Holly agreed to meet him, partially at the urging of Chloe.

“It’s honestly not a bad idea. But… if you’re sure. It’s… I mean, it’s not easy,” Chloe had said. However, she seemed more unsure and ill at ease than he felt.

“I may as well try at this point. I’ve… had the time. I’ve processed some of it. It still doesn’t really feel real at times; let me be honest with you. But… it’s something I’ve been thinking about ever since we talked about necromancers and mediums. I realized, well… but I don’t know how… good it is. Spirits – ghosts – they’re not really the same as being alive, are they? They’re like memories or warped versions of the person they used to be. I don’t know. I’m no ghost connoisseur.”

“Me either. But let’s try it. Holly’s a good one. Powerful, too, from what I understand. She dealt with some weird cemetery crap recently. She also has a necromancer boyfriend. That’s another chance there, too!”

Necromancers and mediums.
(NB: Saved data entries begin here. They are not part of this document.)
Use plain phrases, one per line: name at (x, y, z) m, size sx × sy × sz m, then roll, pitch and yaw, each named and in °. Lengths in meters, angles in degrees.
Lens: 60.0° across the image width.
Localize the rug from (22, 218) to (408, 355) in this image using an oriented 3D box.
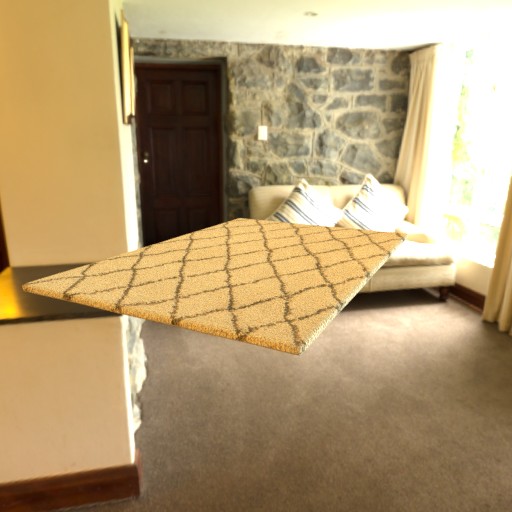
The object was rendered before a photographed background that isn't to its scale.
rug at (0.000, 0.000, 2.279) m, size 1.219 × 0.030 × 1.778 m, roll 8°, pitch 17°, yaw 27°
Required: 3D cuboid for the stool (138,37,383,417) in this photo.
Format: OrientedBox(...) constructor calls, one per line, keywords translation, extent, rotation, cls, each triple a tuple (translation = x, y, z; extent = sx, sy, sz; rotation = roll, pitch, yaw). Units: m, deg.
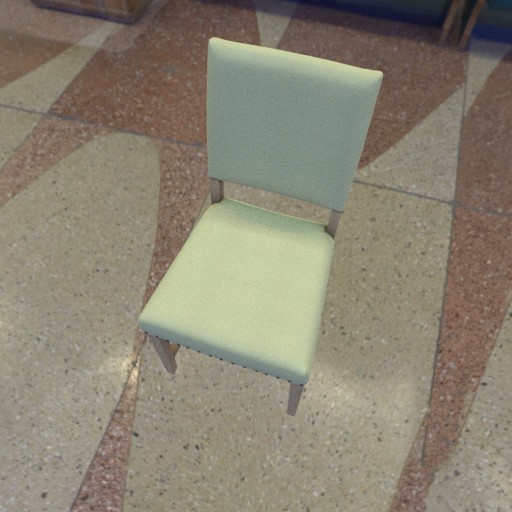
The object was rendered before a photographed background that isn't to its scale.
OrientedBox(translation=(0.000, 0.000, 1.343), extent=(0.508, 0.986, 0.623), rotation=(16, 60, 10), cls="stool")
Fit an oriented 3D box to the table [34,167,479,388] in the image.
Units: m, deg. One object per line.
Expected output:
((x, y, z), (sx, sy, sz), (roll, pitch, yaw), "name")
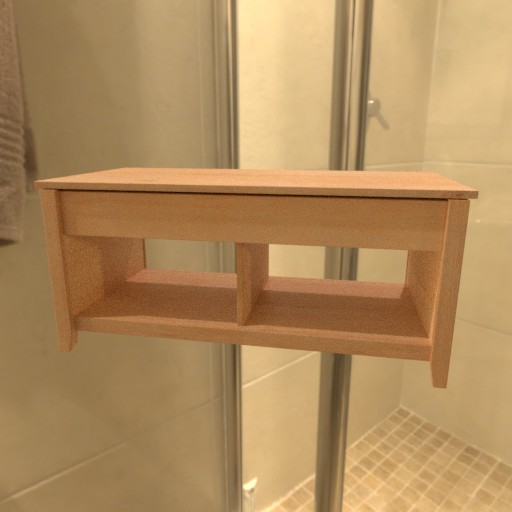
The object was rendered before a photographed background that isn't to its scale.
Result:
((0.000, 0.000, 1.283), (1.016, 0.457, 0.483), (3, 16, 10), "table")
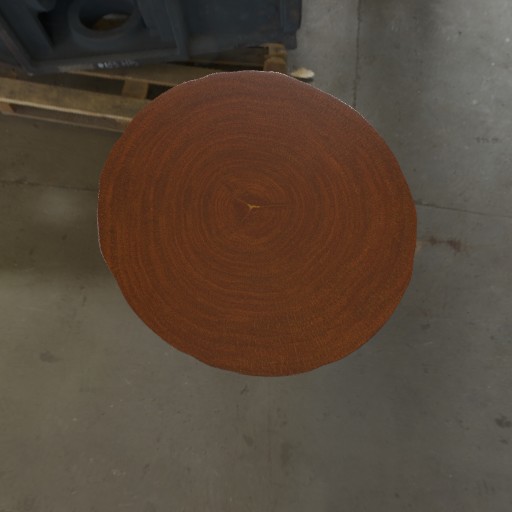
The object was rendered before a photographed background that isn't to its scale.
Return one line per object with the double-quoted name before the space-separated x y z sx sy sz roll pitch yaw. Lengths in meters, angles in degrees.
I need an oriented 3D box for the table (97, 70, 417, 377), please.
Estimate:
"table" 0.000 0.000 0.764 0.380 0.450 0.410 -38 78 -9
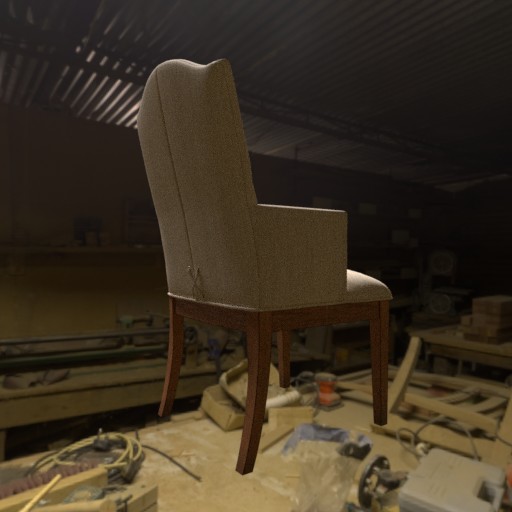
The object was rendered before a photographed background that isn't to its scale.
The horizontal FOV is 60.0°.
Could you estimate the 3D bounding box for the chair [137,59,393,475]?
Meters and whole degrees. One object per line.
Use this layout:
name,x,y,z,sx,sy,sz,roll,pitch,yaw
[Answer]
chair,0.000,0.000,1.347,0.641,1.016,0.533,0,0,-36
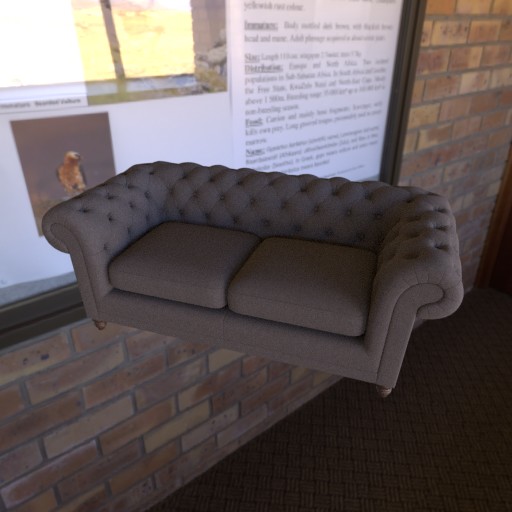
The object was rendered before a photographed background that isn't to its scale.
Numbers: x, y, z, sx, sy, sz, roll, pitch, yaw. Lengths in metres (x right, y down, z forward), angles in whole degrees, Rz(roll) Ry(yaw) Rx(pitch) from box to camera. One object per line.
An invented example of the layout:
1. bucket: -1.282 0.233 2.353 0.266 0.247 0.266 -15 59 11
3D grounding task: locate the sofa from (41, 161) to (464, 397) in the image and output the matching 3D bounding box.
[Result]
1. sofa: 0.000 0.000 2.470 1.998 0.764 0.986 9 29 17

Not exactly Tiran’s first and instinctual thoughts to deal with the whole situation with his parents – but one he might be able to utilize. When he’d mentioned it to Professor Umber, the professor had both looked mildly horrified and mildly intrigued. The possibility had never occurred to him before, despite working in such a magical environment with all manner of bizarre and warped magic turning up every year.

Yet some barriers of thinking were harder to cross than others. Approaching Holly felt nerve-wracking at first.

“You’re up for using your powers, right?” Chloe had asked. Holly, chomping through some apple slices as they sat around the edge of one of the long tables, nodded and held up one hand with the thumb facing up.

“As long as they’re not requiring me to go into highly questionable locations with volatile spirits, it’s something I can do. We don’t have work for our powers every day, Arlo and I, but they’ll whisk us away sometimes if a local autopsy or investigation is happening.”

Huh. He’d never really considered how they might be training necromancers or mediums in the school before. “Do you need to be at the, uh, physical location of the bodies?”

“No! I just need an object that has some sentimental significance or is connected with it in some way. I can pick up some echoes, then. Do you have anything like that in your possession?”

“Uh… I have my parents’ wedding rings. My uncle was able to get them, and he gave them to me.” A lump formed in his throat. He had the tiny box in his bedroom in a small plastic container that had some other small, sentimental things: a teddy bear, an old shirt of his father’s, some gold cuff links from a suit that was too small for Tiran, a few photos, a tiny collection of something that used to be Tiran’s whole world.

As if sensing the drifting mood, Chloe reached out and placed a hand on his shoulder. “You don’t have to do this, and if you do, you don’t have to do this straight away. There’s time.”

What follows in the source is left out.